Tickets are now available for Gong and Ozric Tentacles at Rescue Rooms!
The ever-metamorphosing entity that is GONG launches, as ever, into unknown territory. With new tours for 2023 destined to be talked about, discussed, and argued over, up and down the land.
It began in a French commune in 1967. Through the Virgin Records years there has been mismanagement, court cases, break-ups and re-joining’s. As well as deaths and rebirths. But here has always been a continuous thread of beautiful, dangerous and extraordinary music.
The current holders of the flame have come together over the last eight years. Sinuous bass player Dave Sturt joined just as the album 2032 was shown to the world. Ian East (Sax, Flute) was the next to blow in through the portal. Fabio Golfetti brought his guitars from Brazil (after working with Daevid Allen for many years). Kavus Torabi (lead vox and guitars) appeared to Daevid in a vision. Cheb Nettles (drums) just sort of turned up.

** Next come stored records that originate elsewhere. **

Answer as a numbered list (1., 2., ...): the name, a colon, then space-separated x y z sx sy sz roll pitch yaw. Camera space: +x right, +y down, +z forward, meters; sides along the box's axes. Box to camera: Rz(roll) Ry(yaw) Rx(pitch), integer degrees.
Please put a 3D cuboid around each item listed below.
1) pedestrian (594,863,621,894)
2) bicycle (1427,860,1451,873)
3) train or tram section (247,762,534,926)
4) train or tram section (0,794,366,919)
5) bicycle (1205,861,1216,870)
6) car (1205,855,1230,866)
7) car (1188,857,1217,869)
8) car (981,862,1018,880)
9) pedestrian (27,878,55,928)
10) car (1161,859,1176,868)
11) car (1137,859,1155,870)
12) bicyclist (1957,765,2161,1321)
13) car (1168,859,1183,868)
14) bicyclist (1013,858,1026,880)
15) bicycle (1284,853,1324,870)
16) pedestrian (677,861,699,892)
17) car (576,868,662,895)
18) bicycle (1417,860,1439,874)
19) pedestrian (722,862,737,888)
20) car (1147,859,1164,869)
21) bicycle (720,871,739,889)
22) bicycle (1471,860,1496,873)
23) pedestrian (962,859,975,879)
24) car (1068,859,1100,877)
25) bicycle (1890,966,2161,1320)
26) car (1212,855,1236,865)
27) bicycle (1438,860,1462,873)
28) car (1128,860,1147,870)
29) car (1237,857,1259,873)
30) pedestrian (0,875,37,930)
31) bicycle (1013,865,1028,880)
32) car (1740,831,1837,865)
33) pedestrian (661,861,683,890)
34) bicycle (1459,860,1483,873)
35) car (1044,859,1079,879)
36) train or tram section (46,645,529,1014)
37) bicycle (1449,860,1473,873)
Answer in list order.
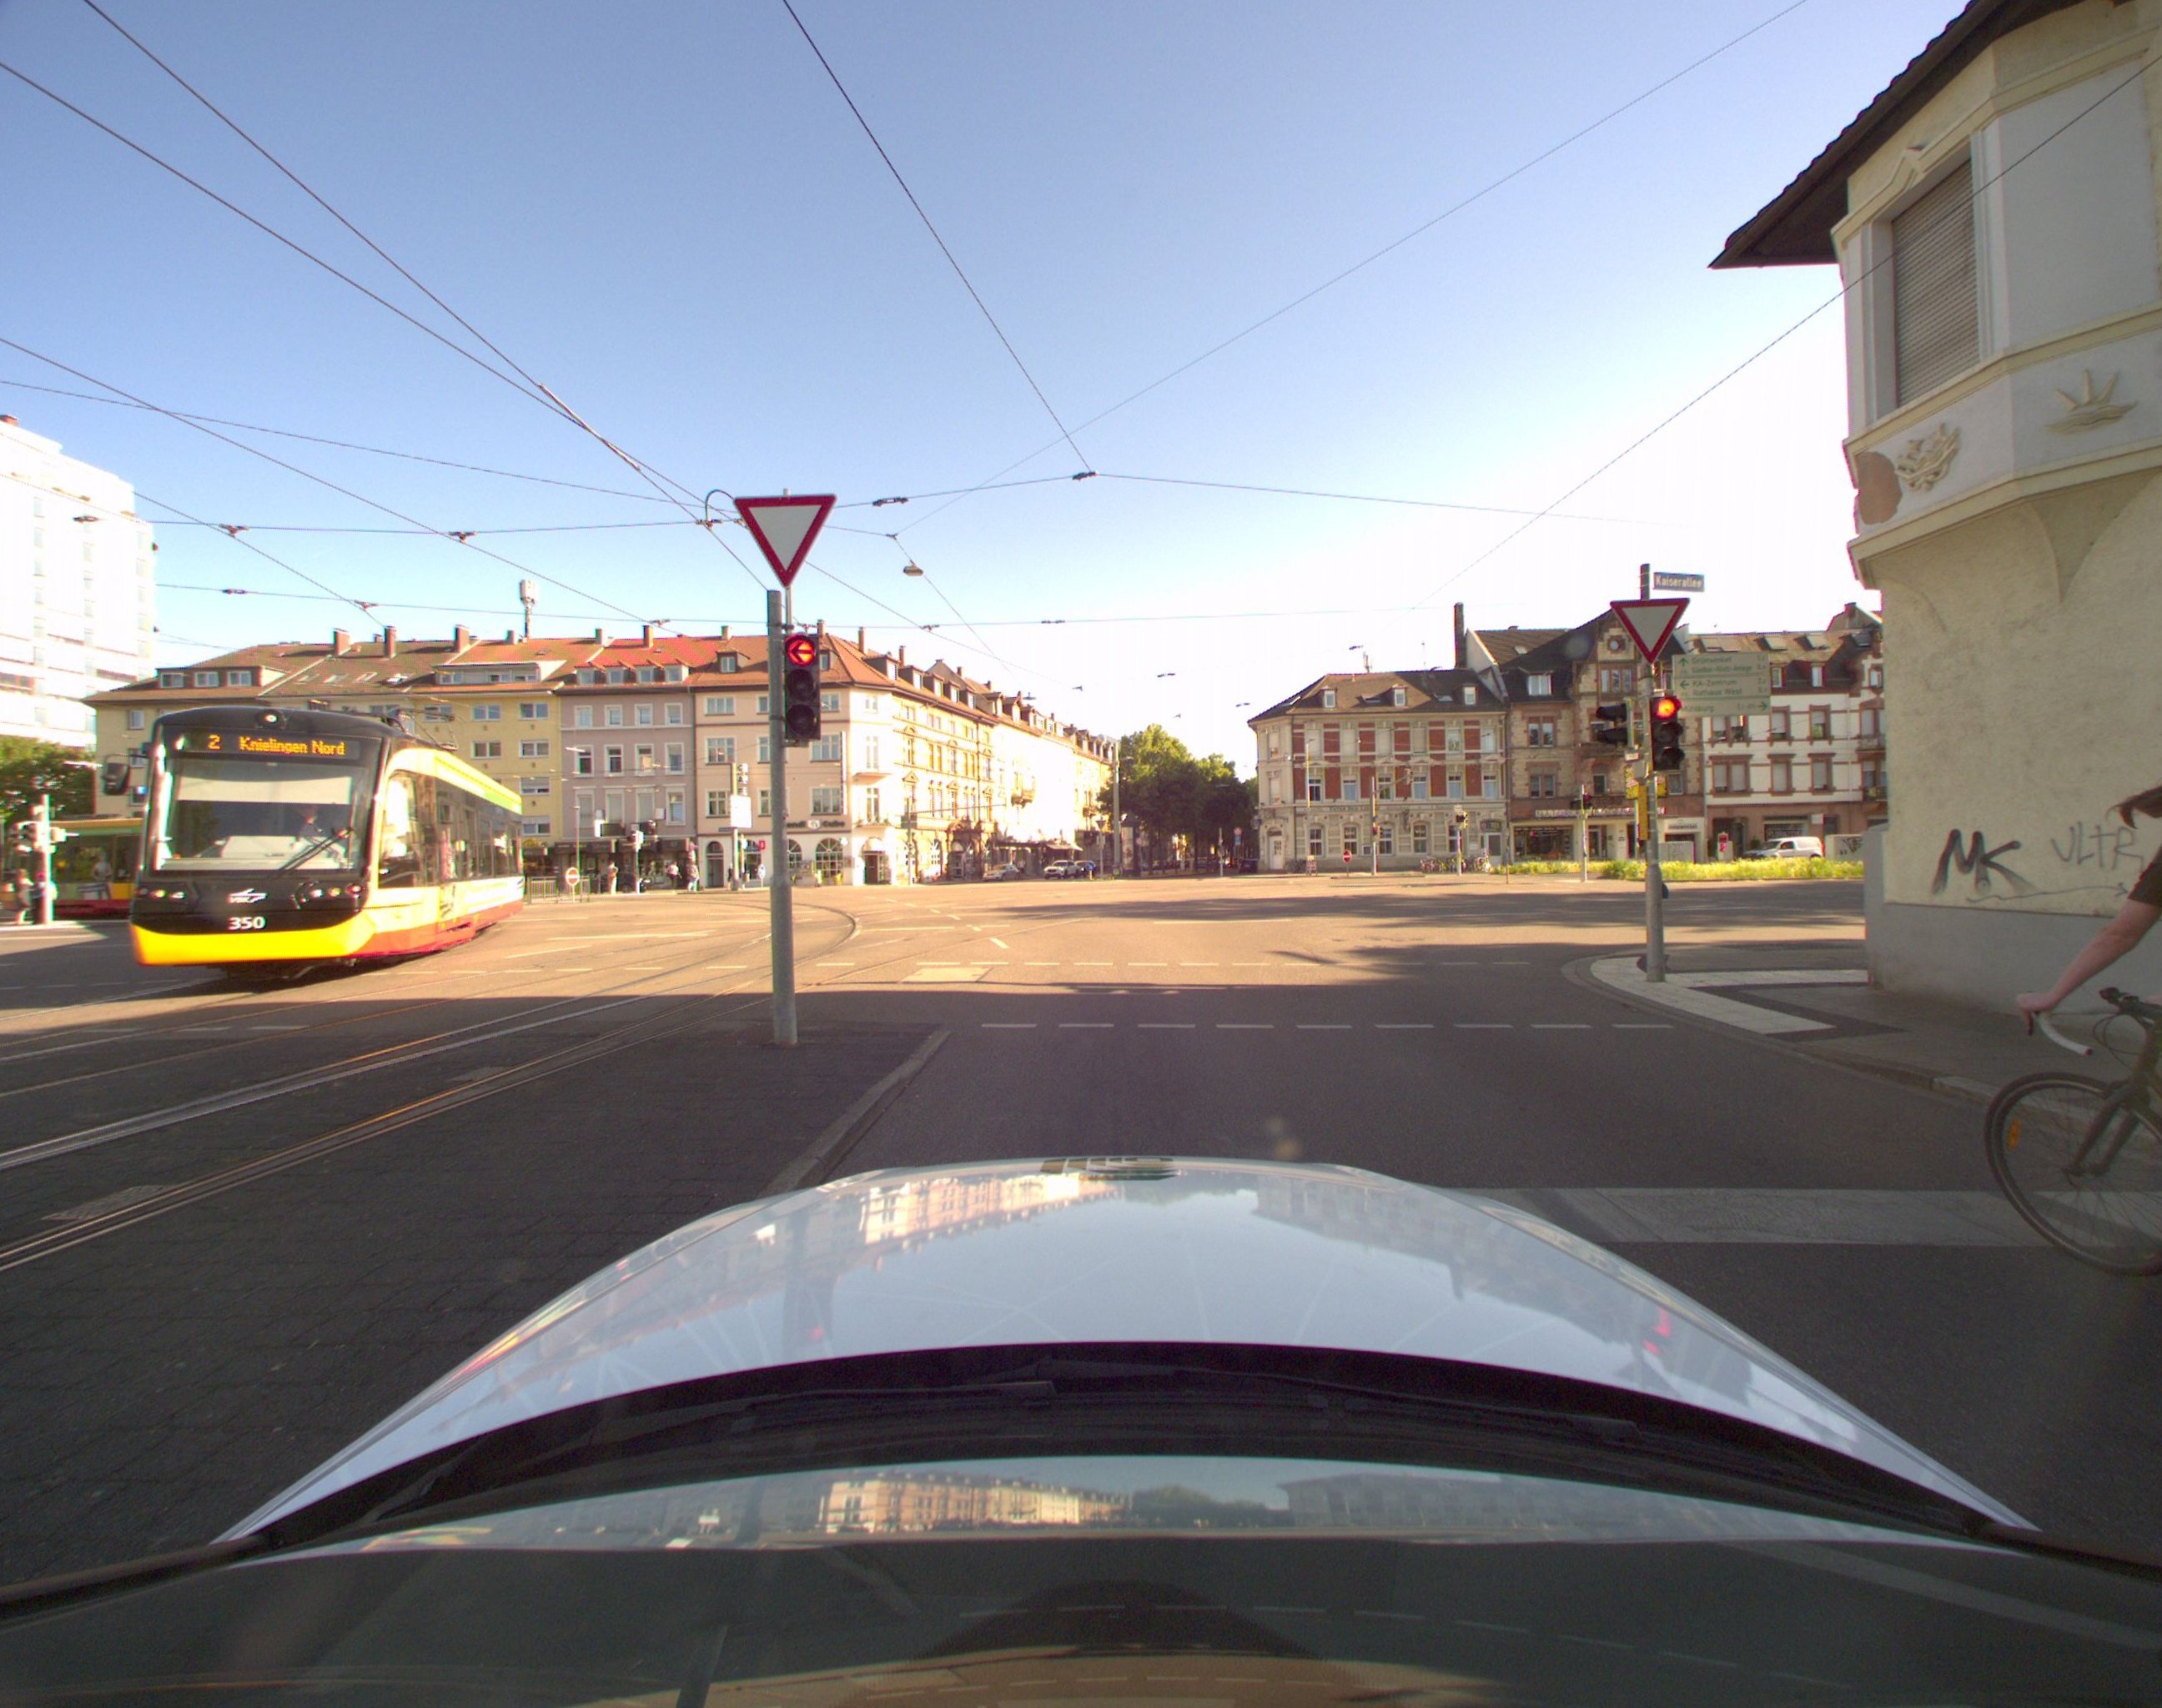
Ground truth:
1. pedestrian: -24.749 1.287 42.581 0.842 1.577 0.836 -1 -1 11
2. bicycle: 23.165 0.819 52.741 0.656 0.840 2.162 0 -1 3
3. train or tram section: -20.469 -0.109 23.670 12.654 3.814 2.960 -1 0 34
4. train or tram section: -31.114 0.160 27.964 12.005 3.814 2.950 -1 0 10
5. bicycle: 15.779 1.393 99.266 0.636 1.021 1.839 0 -1 -12
6. car: 21.461 1.061 127.707 3.549 1.648 1.691 -2 0 19
7. car: 17.215 1.259 115.441 3.870 1.648 1.691 -2 0 19
8. car: -6.703 1.424 67.215 1.664 1.354 3.608 -2 0 19
9. pedestrian: -31.913 1.496 24.982 0.456 1.505 0.485 -1 1 38
10. car: 14.046 1.504 130.595 1.664 1.354 3.608 -2 0 19
11. car: 9.184 1.494 115.434 1.664 1.354 3.608 -2 0 19
12. bicyclist: 3.575 0.574 2.488 0.570 1.701 1.117 -1 0 2
13. car: 15.733 1.523 135.588 1.664 1.354 3.608 -2 0 19
14. bicyclist: -4.935 1.209 65.403 0.772 1.803 1.060 -1 -1 16
15. bicycle: 15.608 0.500 57.046 2.547 1.174 0.818 0 -1 -1
16. pedestrian: -20.041 1.135 41.531 0.545 1.577 0.838 -1 -1 29
17. car: -30.361 1.788 53.628 4.347 1.711 2.308 0 -1 4
18. bicycle: 22.430 0.824 52.682 0.656 0.840 2.162 0 -1 3
19. pedestrian: -22.898 1.391 53.062 0.580 1.670 0.753 0 -1 2
20. car: 11.255 1.529 122.350 1.664 1.354 3.608 -2 0 19
21. bicycle: -22.896 1.681 53.037 0.570 1.077 1.497 0 -1 2
22. bicycle: 26.013 0.798 52.702 0.656 0.840 2.162 0 -1 3
23. pedestrian: -9.525 1.297 68.810 0.770 1.670 0.834 -1 -1 17
24. car: 0.314 1.241 73.758 1.664 1.483 3.967 -2 0 19
25. bicycle: 3.599 0.955 2.496 0.516 0.970 1.750 -1 0 2
26. car: 23.368 0.968 133.140 3.549 1.648 1.691 -2 0 19
27. bicycle: 23.889 0.814 52.726 0.656 0.840 2.162 0 -1 3
28. car: 7.709 1.491 111.310 1.664 1.354 3.608 -2 0 19
29. car: 16.912 1.097 82.321 1.664 1.483 3.967 -2 0 19
30. pedestrian: -32.918 1.497 25.231 0.456 1.644 0.643 -1 1 38
31. bicycle: -4.888 1.484 65.523 0.696 1.118 1.642 -1 -1 16
32. car: 45.447 -0.382 52.385 4.406 2.013 2.002 -1 0 4
33. pedestrian: -22.378 1.177 44.566 0.720 1.577 0.836 -1 -1 11
34. bicycle: 25.209 0.804 52.688 0.656 0.840 2.162 0 -1 3
35. car: -1.599 1.214 67.498 1.664 1.483 3.789 -2 0 19
36. train or tram section: -12.522 -0.202 14.794 2.950 3.814 12.930 -1 0 -29
37. bicycle: 24.572 0.809 52.733 0.656 0.840 2.162 0 -1 3

In 2015, Daevid Allen passed away. His influence and legacy were honoured on the band’s subsequent album, Rejoice! I’m Dead! (2016). In recent years GONG has performed with the Steve Hillage Band (himself a former member of the 1970s GONG line-up). They also released the critically acclaimed album The Universe Also Collapses (2019). As well as a stunning new live album Pulsing Signals (2022) capturing the band at a creative peak with tracks drawn from their 2019 tour.
Gong’s musically diverse world includes shades of psychedelia, space rock, jazz, avant-garde, krautrock and surreal soundscapes.
Kavus Torabi: Vocals, Guitars
Dave Sturt: Bass
Ian East: Sax
Cheb Nettles: Drums
Fabio Golfetti: Guitars
One of the most influential bands to emerge from the UK’s festival scene. Ozric Tentacles formed during the solstice at Stonehenge Free Festival 1983. They went on to become psychedelic staples at Glastonbury and other festivals. The creative vision of multi-instrumentalist Ed Wynne, the Ozrics’ uniquely trippy soundscapes connect fans of progressive rock, psychedelia and dance music culture.
The band originally included: guitarist Ed Wynne, drummer Nick ‘Tig’ Van Gelder, keyboard player Joie Hinton, bassist Roly Wynne (Ed’s brother), and second guitarist Gavin Griffiths (who left the group in 1984). The Ozrics played in clubs around London, releasing six cassette-only albums beginning with 1984’s Erpsongs. All six were later collected on the Vitamin Enhanced box set. Despite a threatened lawsuit from the Kellogg’s cereal company for questionable artwork. Merv Pepler replaced Van Gelder, while synthesizer player Steve Everett was added in 1987.
Ozric Tentacles’ first major release, the 1990 album Erpland, foreshadowed the crusty movement. The British parallel to America’s hippie movement of the ’60s. Crusties borrowed the hippies’ organic dress plus the cosmic thinking of new agers. They spent most of their time traveling around England to various festivals and outdoor gatherings. The movement fit in perfectly with bands like Ozric Tentacles and the Levellers. The Ozric’s 1991 album Strangeitude became the band’s biggest seller yet. Occasioning a U.S. contract with Capitol.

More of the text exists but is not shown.